De Blanche Nathaira apenas
te podías fiar, ya que no había día, a pesar de que estuviera rodeada de monjas las veinticuatro horas,
que no escupiera una mentira. Era más pequeña que el resto. Esta característica, junto al hecho de
que era albina, con un pelo blanco hasta la ceguera y unos ojos levemente
rojos, habían hecho que la niña se construyera una coraza contra las burlas de las demás niñas, con ladrillos de mentiras que se elevaban hasta el cielo.

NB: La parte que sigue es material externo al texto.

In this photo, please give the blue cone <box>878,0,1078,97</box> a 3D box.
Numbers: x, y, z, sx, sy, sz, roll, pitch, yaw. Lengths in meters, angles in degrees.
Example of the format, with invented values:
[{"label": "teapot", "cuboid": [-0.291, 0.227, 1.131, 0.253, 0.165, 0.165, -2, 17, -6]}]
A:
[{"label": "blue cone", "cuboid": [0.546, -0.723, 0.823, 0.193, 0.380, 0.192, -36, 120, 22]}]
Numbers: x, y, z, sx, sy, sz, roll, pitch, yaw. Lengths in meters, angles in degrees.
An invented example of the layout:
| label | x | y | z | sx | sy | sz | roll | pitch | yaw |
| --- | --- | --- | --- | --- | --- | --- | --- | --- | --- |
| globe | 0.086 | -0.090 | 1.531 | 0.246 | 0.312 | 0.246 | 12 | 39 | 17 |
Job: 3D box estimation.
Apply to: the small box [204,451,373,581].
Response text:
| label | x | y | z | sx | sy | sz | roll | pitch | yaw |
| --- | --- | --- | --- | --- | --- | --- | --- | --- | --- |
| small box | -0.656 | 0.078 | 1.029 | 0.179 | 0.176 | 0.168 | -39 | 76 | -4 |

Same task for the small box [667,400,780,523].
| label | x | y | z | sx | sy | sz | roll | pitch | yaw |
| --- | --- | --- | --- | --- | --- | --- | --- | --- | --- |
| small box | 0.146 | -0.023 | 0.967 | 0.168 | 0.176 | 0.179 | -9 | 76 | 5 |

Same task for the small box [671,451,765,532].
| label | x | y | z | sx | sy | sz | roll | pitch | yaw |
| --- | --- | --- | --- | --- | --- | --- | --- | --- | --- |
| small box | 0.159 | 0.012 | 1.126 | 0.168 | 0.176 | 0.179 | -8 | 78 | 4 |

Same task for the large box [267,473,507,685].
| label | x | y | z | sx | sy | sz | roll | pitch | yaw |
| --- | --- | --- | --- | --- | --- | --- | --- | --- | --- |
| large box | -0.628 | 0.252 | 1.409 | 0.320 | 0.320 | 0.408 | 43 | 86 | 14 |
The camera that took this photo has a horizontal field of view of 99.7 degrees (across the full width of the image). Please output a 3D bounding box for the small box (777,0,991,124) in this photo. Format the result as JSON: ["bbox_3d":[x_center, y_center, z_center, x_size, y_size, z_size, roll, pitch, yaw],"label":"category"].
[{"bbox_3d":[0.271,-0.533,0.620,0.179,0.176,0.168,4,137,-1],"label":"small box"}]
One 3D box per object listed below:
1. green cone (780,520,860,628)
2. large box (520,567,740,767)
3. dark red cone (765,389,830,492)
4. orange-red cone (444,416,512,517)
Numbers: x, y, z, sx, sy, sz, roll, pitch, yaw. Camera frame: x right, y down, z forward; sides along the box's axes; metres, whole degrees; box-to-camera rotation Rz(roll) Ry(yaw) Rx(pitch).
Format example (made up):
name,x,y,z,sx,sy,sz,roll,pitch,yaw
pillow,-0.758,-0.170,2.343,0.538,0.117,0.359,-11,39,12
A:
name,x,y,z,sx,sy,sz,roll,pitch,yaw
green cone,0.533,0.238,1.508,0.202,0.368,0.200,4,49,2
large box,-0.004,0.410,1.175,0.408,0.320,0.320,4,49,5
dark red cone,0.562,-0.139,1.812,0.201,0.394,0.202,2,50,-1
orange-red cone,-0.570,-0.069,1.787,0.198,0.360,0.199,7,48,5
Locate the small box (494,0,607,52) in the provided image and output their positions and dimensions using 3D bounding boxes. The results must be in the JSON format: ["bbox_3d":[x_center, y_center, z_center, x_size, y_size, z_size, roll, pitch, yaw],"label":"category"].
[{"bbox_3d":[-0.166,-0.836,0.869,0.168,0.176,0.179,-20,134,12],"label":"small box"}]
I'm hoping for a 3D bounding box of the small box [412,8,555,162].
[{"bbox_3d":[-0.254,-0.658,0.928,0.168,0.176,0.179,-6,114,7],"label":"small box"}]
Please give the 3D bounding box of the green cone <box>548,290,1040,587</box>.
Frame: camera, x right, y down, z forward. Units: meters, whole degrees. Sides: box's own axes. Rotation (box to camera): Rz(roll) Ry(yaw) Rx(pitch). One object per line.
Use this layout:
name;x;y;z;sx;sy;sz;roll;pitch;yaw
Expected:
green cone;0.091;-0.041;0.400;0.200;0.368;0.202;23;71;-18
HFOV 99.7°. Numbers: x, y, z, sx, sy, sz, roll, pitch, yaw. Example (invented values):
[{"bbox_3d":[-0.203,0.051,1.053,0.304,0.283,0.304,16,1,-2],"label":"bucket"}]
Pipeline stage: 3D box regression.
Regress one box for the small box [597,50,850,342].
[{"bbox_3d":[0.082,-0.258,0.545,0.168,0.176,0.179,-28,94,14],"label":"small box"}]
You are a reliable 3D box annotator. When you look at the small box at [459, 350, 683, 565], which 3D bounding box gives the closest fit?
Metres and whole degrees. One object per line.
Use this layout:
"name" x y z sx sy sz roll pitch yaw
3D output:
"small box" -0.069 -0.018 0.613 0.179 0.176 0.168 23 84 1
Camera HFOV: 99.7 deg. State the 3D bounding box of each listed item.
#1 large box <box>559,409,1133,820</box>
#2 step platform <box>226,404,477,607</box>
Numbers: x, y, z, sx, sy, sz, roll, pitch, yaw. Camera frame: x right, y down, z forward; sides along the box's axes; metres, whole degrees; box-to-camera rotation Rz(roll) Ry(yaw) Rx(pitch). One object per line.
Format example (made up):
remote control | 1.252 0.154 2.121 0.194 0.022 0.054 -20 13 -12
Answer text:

Kirsty Banner ponía especialmente nerviosas a todas, ya que su impaciencia para tener
inmediatamente todo lo que necesitara resultaba insoportable para la aparente
tranquilidad de un convento. Era rubia a rabiar y sus ojos verdes y su perfecta
figura le habían permitido siempre conseguir todo lo que deseara con una rapidez
aplastante.
Por último, Mary Cameron solía ser una niña solitaria y, a veces, demasiado espiritual. Su suave voz sacaba de
quicio a sus profesoras que hacían gran esfuerzo para
entenderla. Se ruborizaba, por ello con gran facilidad. Ese era el único momento en que sus palidísimas mejillas adquirían un poco de color.
Todas tenían
ocho años.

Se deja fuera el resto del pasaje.